**Material provided:**
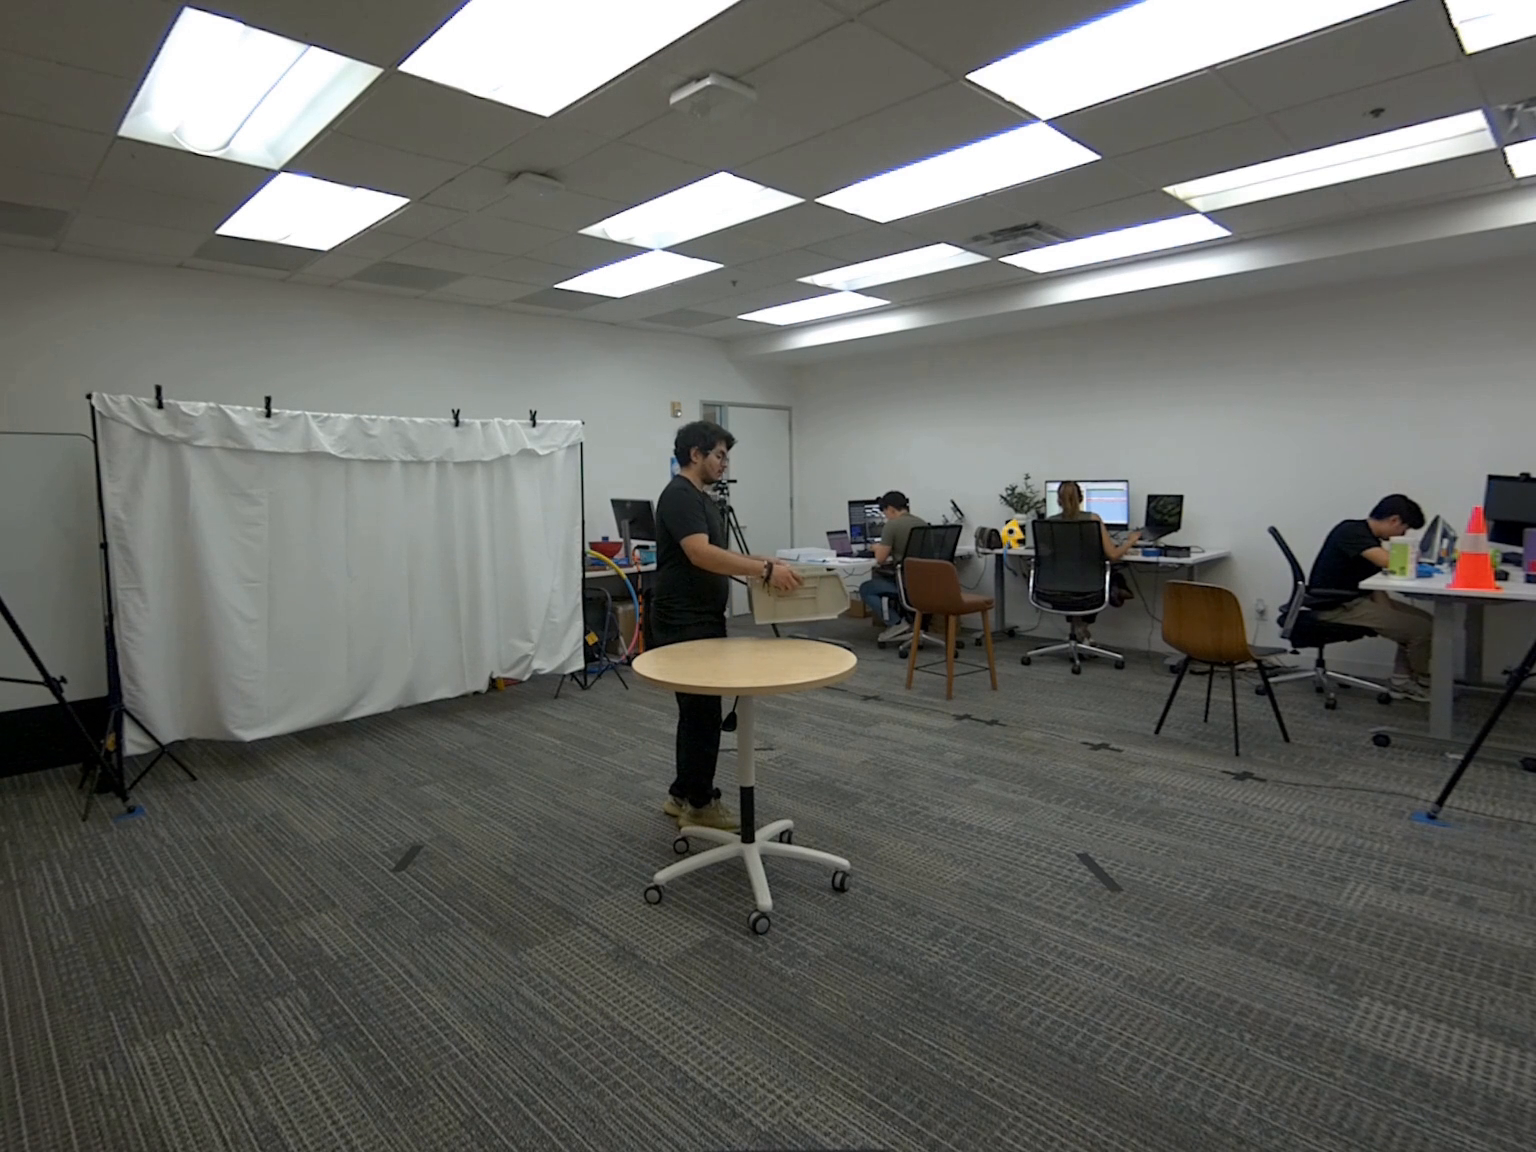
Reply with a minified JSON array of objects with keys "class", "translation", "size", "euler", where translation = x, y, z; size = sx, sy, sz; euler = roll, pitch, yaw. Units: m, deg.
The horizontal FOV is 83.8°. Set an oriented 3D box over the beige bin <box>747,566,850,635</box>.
[{"class":"beige bin","translation":[0.110,0.072,3.426],"size":[0.376,0.188,0.425],"euler":[-6,5,-4]}]

**What is required:** An exact repeat of all the data is required, pictures excluded.

**Task output:**
Reply with a minified JSON array of objects with keys "class", "translation", "size", "euler", where translation = x, y, z; size = sx, sy, sz; euler = roll, pitch, yaw. Units: m, deg.
The horizontal FOV is 83.8°. Set an oriented 3D box over the beige bin <box>747,566,850,635</box>.
[{"class":"beige bin","translation":[0.110,0.072,3.426],"size":[0.376,0.188,0.425],"euler":[-6,5,-4]}]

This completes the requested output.